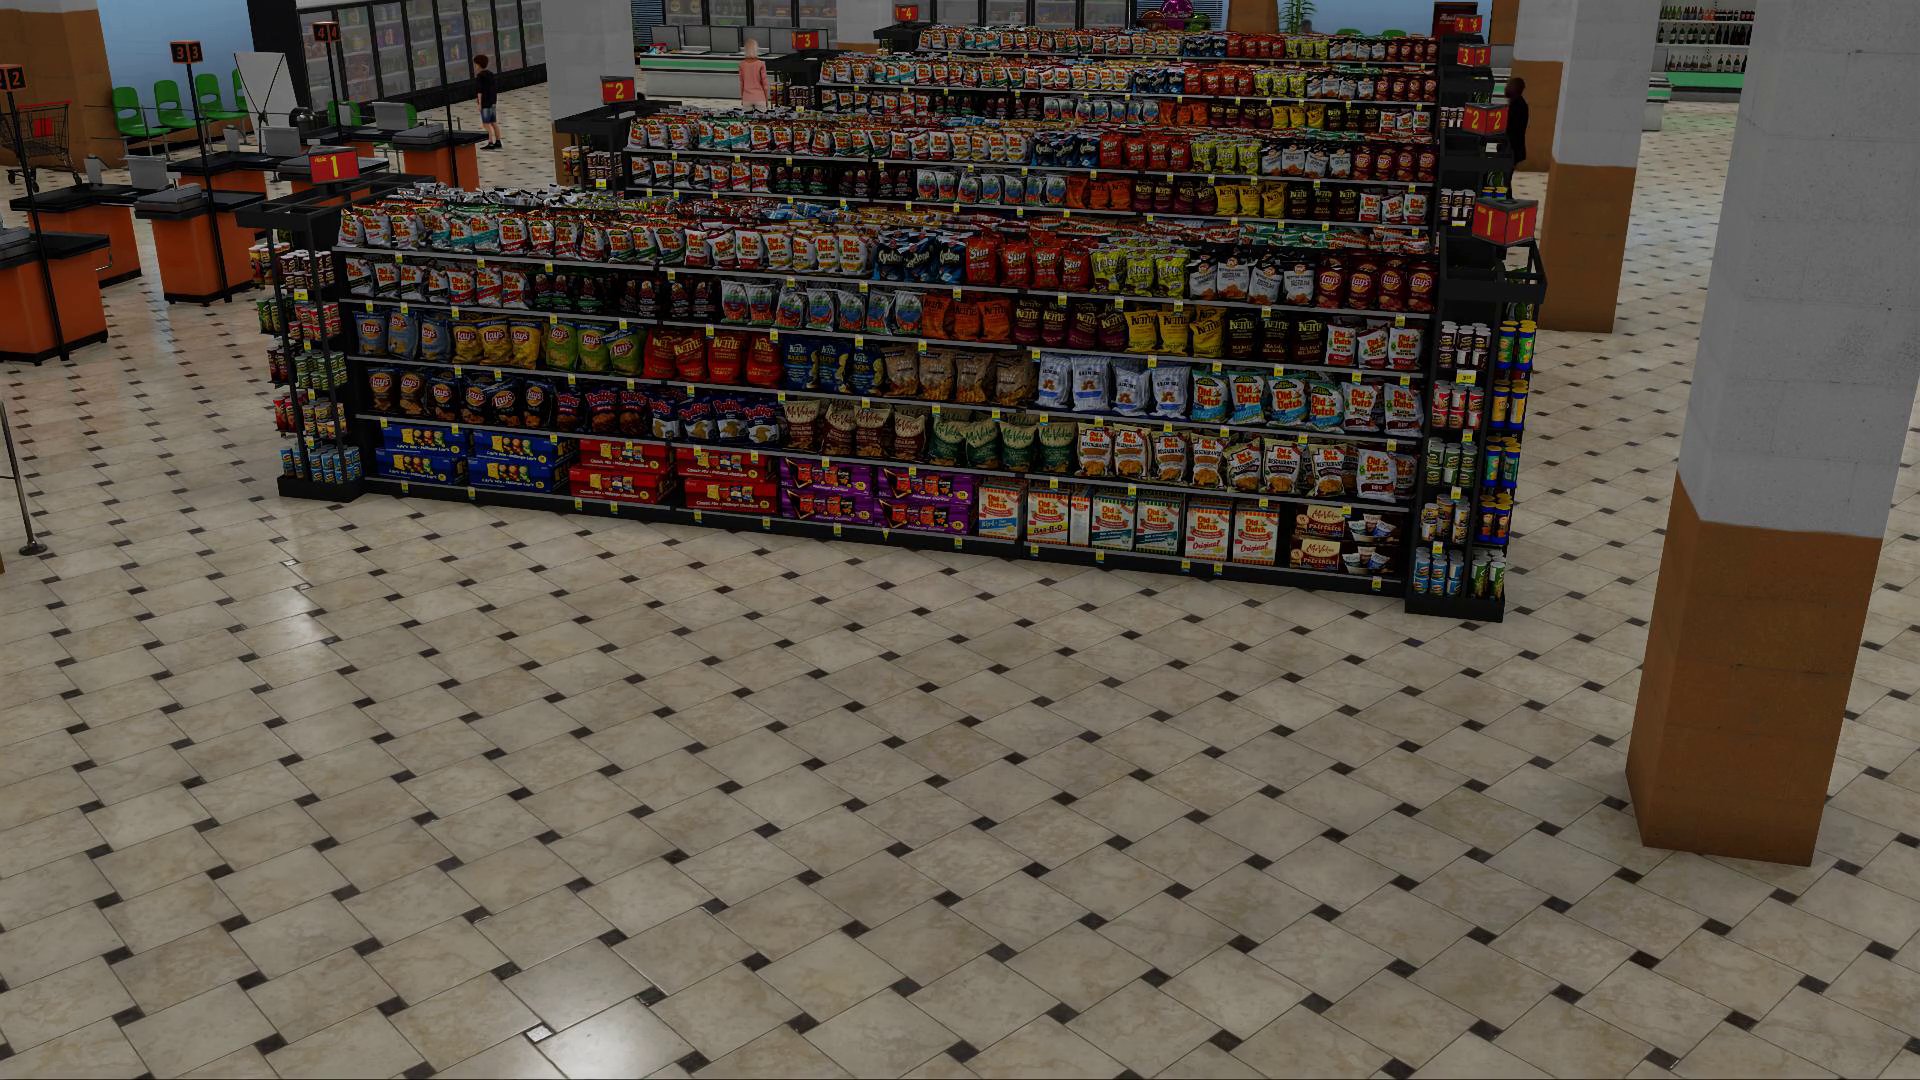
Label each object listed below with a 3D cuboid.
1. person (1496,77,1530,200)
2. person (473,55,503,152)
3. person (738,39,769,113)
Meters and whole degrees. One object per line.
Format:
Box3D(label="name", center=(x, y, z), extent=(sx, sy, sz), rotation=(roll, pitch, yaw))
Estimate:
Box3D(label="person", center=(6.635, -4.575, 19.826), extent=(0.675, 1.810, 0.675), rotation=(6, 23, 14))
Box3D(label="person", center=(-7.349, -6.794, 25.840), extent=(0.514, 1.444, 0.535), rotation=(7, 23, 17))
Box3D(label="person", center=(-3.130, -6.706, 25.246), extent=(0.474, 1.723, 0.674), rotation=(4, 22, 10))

◆ **Problem to solve**:
The lines to write out run from the one with "2. person (473,55,503,152)" through the end of the records. Give them exactly, and only them.

◆ **Expected answer**:
2. person (473,55,503,152)
3. person (738,39,769,113)
Meters and whole degrees. One object per line.
Format:
Box3D(label="name", center=(x, y, z), extent=(sx, sy, sz), rotation=(roll, pitch, yaw))
Estimate:
Box3D(label="person", center=(6.635, -4.575, 19.826), extent=(0.675, 1.810, 0.675), rotation=(6, 23, 14))
Box3D(label="person", center=(-7.349, -6.794, 25.840), extent=(0.514, 1.444, 0.535), rotation=(7, 23, 17))
Box3D(label="person", center=(-3.130, -6.706, 25.246), extent=(0.474, 1.723, 0.674), rotation=(4, 22, 10))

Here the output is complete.